++++ MATERIALS PROVIDED

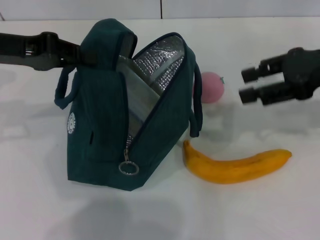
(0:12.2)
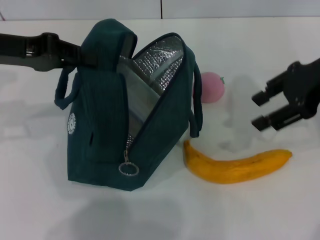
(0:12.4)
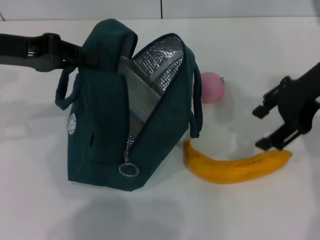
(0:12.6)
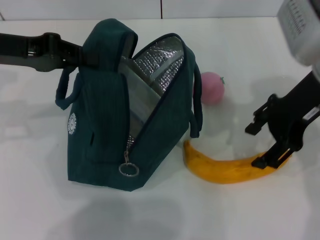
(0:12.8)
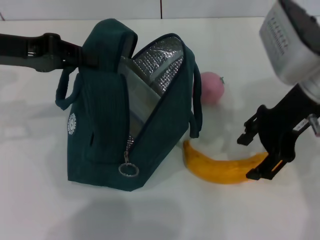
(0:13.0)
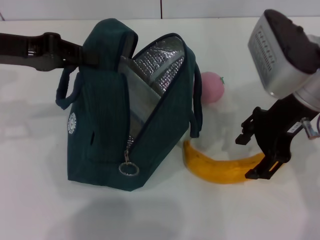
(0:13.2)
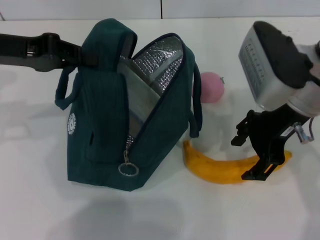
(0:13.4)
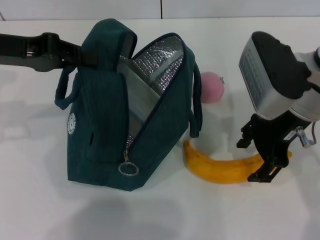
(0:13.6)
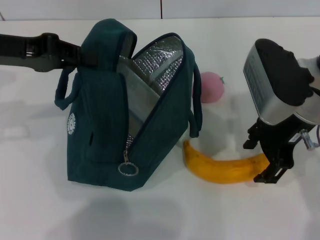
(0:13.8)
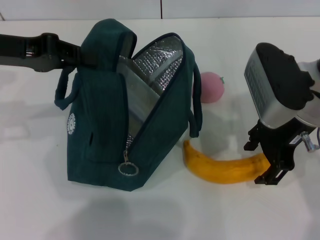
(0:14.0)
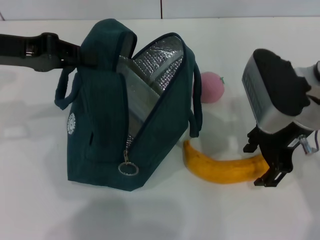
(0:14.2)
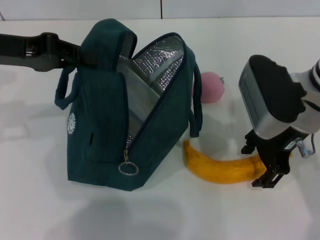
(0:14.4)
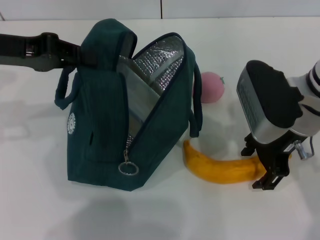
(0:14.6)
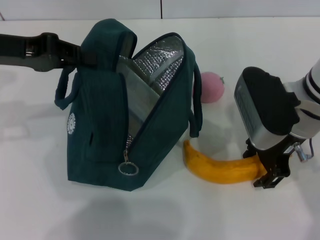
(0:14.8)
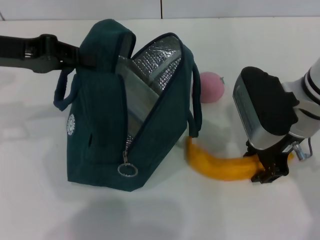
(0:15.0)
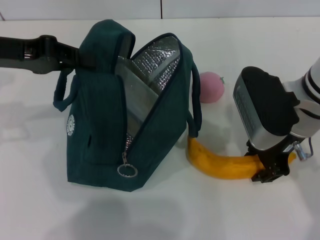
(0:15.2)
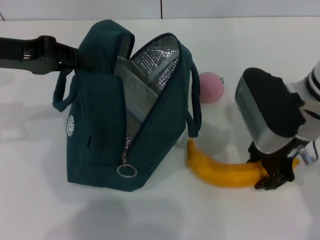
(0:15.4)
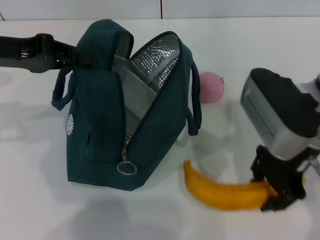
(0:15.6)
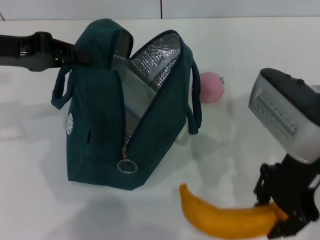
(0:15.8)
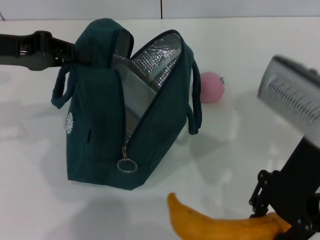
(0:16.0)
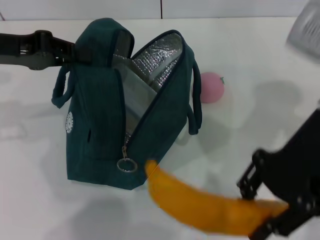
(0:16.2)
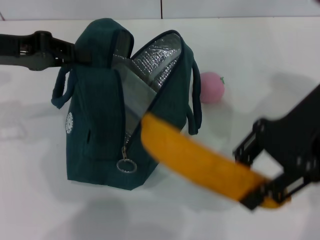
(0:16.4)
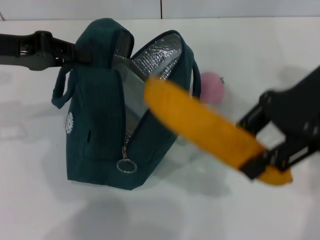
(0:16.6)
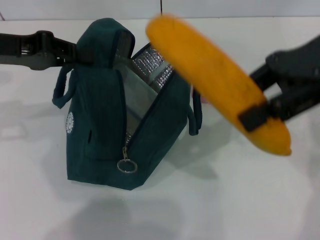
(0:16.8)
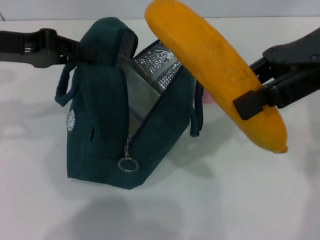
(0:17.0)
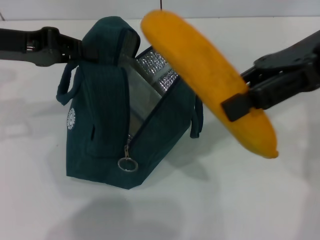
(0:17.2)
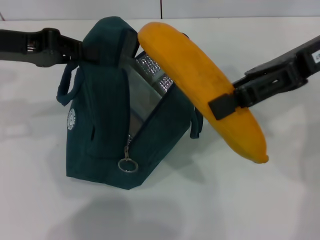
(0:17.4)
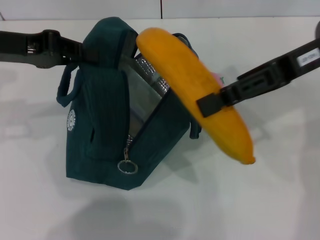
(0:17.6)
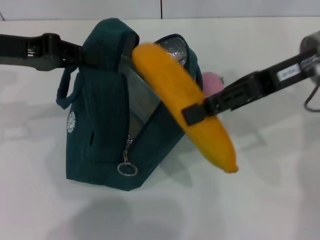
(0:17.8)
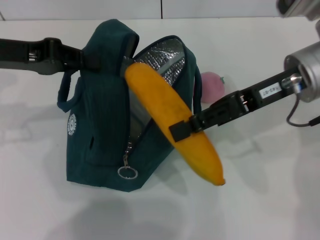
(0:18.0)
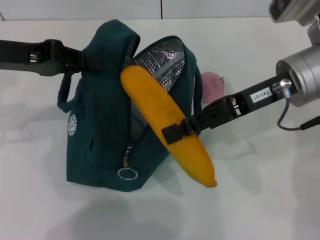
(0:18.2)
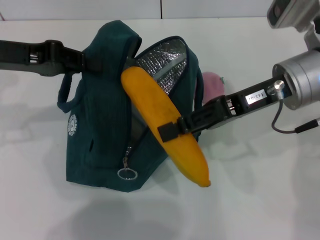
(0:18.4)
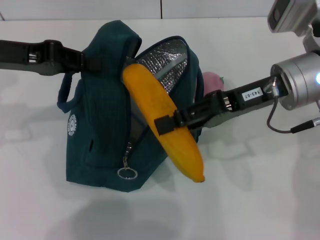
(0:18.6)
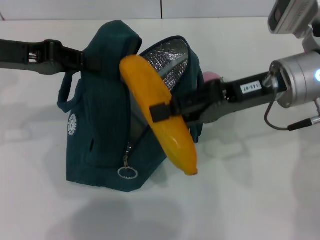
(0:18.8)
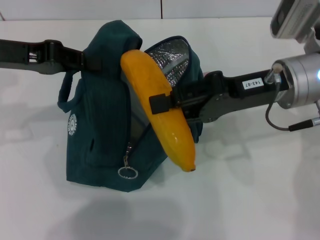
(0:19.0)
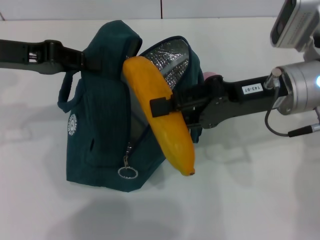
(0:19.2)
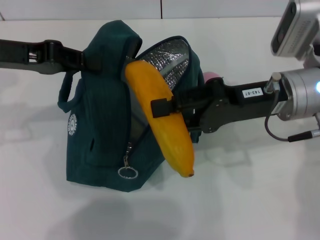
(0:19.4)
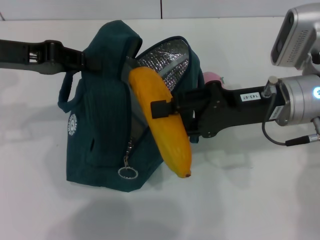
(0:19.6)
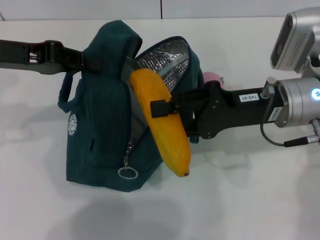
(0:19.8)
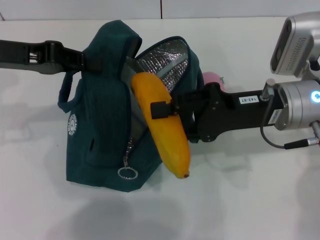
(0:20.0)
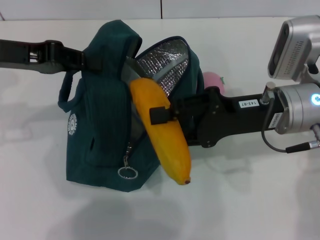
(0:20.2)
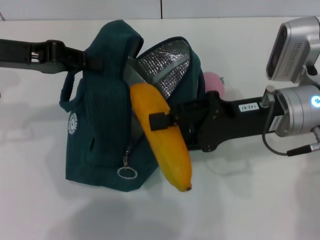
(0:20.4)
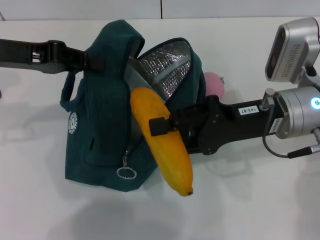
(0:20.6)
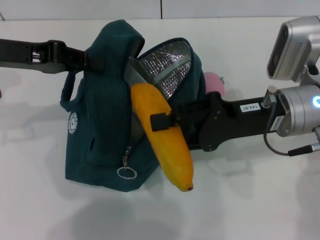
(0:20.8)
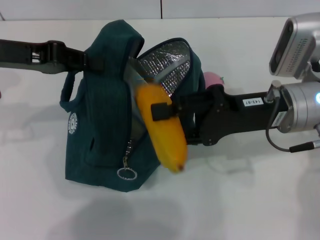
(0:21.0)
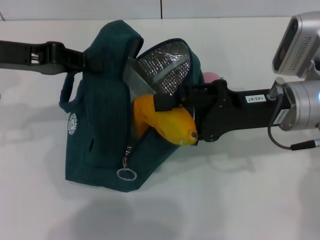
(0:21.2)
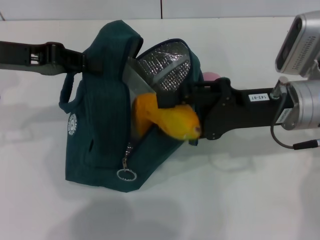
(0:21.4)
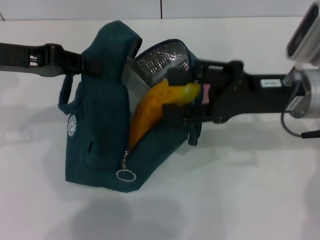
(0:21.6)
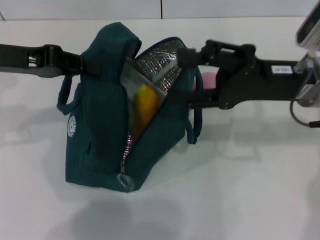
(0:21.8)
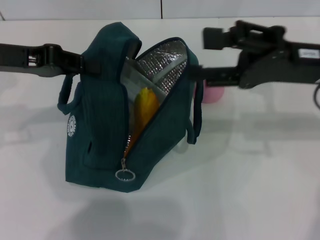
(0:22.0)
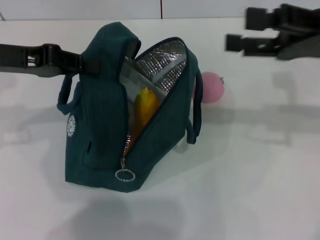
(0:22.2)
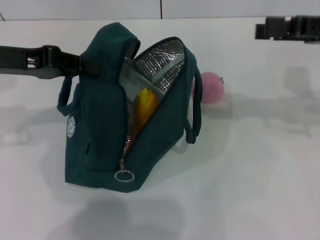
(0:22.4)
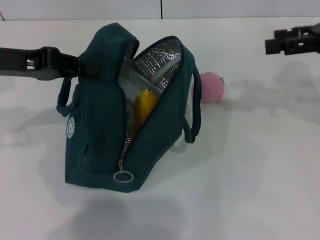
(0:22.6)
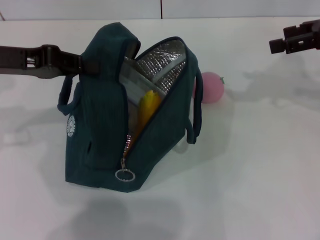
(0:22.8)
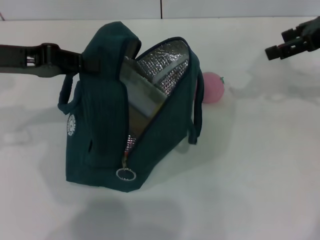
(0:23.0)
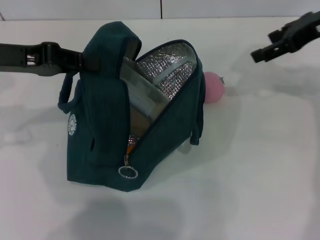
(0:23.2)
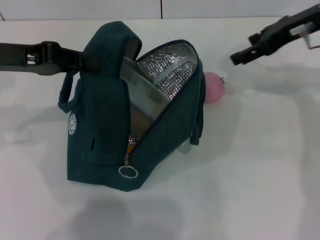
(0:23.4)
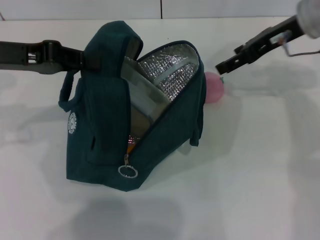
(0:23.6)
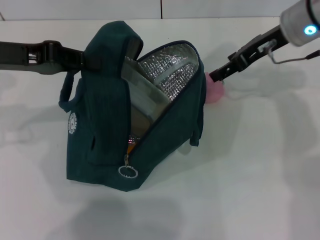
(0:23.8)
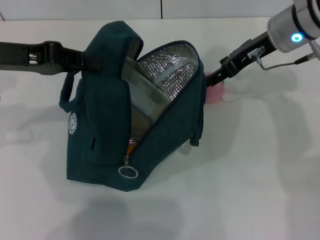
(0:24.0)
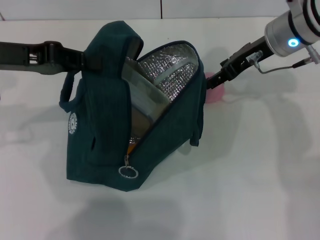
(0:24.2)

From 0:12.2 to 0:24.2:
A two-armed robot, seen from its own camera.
Step, from 0:12.2 to 0:15.2: Take the banana with your right hand.
Step, from 0:15.4 to 0:21.6: Put the banana into the lunch bag with your right hand.
From 0:12.2 to 0:13.8: The right gripper travels to the left by roughly 10 cm.
From 0:13.8 to 0:15.2: The grippers stay close to where they were, moving slightly.
From 0:15.2 to 0:16.6: The right gripper heads upward, covering about 10 cm.
From 0:16.6 to 0:18.2: The right gripper goes some 10 cm downward.
From 0:18.2 to 0:19.8: The right gripper ends up roughly 5 cm from where it was.
From 0:19.8 to 0:21.2: The grippers stay close to where they were, moving slightly.
From 0:21.2 to 0:22.6: The right gripper is displaced to the right and upward by about 15 cm.
From 0:22.6 to 0:24.2: The right gripper goes approximately 15 cm to the left and forward.

++++++++

Wherever the listing shows a picture, omit it and output the rest exactly as given.

(0:12.2)
(0:12.4)
(0:12.6)
(0:12.8)
(0:13.0)
(0:13.2)
(0:13.4)
(0:13.6)
(0:13.8)
(0:14.0)
(0:14.2)
(0:14.4)
(0:14.6)
(0:14.8)
(0:15.0)
(0:15.2)
(0:15.4)
(0:15.6)
(0:15.8)
(0:16.0)
(0:16.2)
(0:16.4)
(0:16.6)
(0:16.8)
(0:17.0)
(0:17.2)
(0:17.4)
(0:17.6)
(0:17.8)
(0:18.0)
(0:18.2)
(0:18.4)
(0:18.6)
(0:18.8)
(0:19.0)
(0:19.2)
(0:19.4)
(0:19.6)
(0:19.8)
(0:20.0)
(0:20.2)
(0:20.4)
(0:20.6)
(0:20.8)
(0:21.0)
(0:21.2)
(0:21.4)
(0:21.6)
(0:21.8)
(0:22.0)
(0:22.2)
(0:22.4)
(0:22.6)
(0:22.8)
(0:23.0)
(0:23.2)
(0:23.4)
(0:23.6)
(0:23.8)
(0:24.0)
(0:24.2)

From 0:12.2 to 0:24.2:
A two-armed robot, seen from its own camera.
Step, from 0:12.2 to 0:15.2: Take the banana with your right hand.
Step, from 0:15.4 to 0:21.6: Put the banana into the lunch bag with your right hand.
From 0:12.2 to 0:13.8: The right gripper travels to the left by roughly 10 cm.
From 0:13.8 to 0:15.2: The grippers stay close to where they were, moving slightly.
From 0:15.2 to 0:16.6: The right gripper heads upward, covering about 10 cm.
From 0:16.6 to 0:18.2: The right gripper goes some 10 cm downward.
From 0:18.2 to 0:19.8: The right gripper ends up roughly 5 cm from where it was.
From 0:19.8 to 0:21.2: The grippers stay close to where they were, moving slightly.
From 0:21.2 to 0:22.6: The right gripper is displaced to the right and upward by about 15 cm.
From 0:22.6 to 0:24.2: The right gripper goes approximately 15 cm to the left and forward.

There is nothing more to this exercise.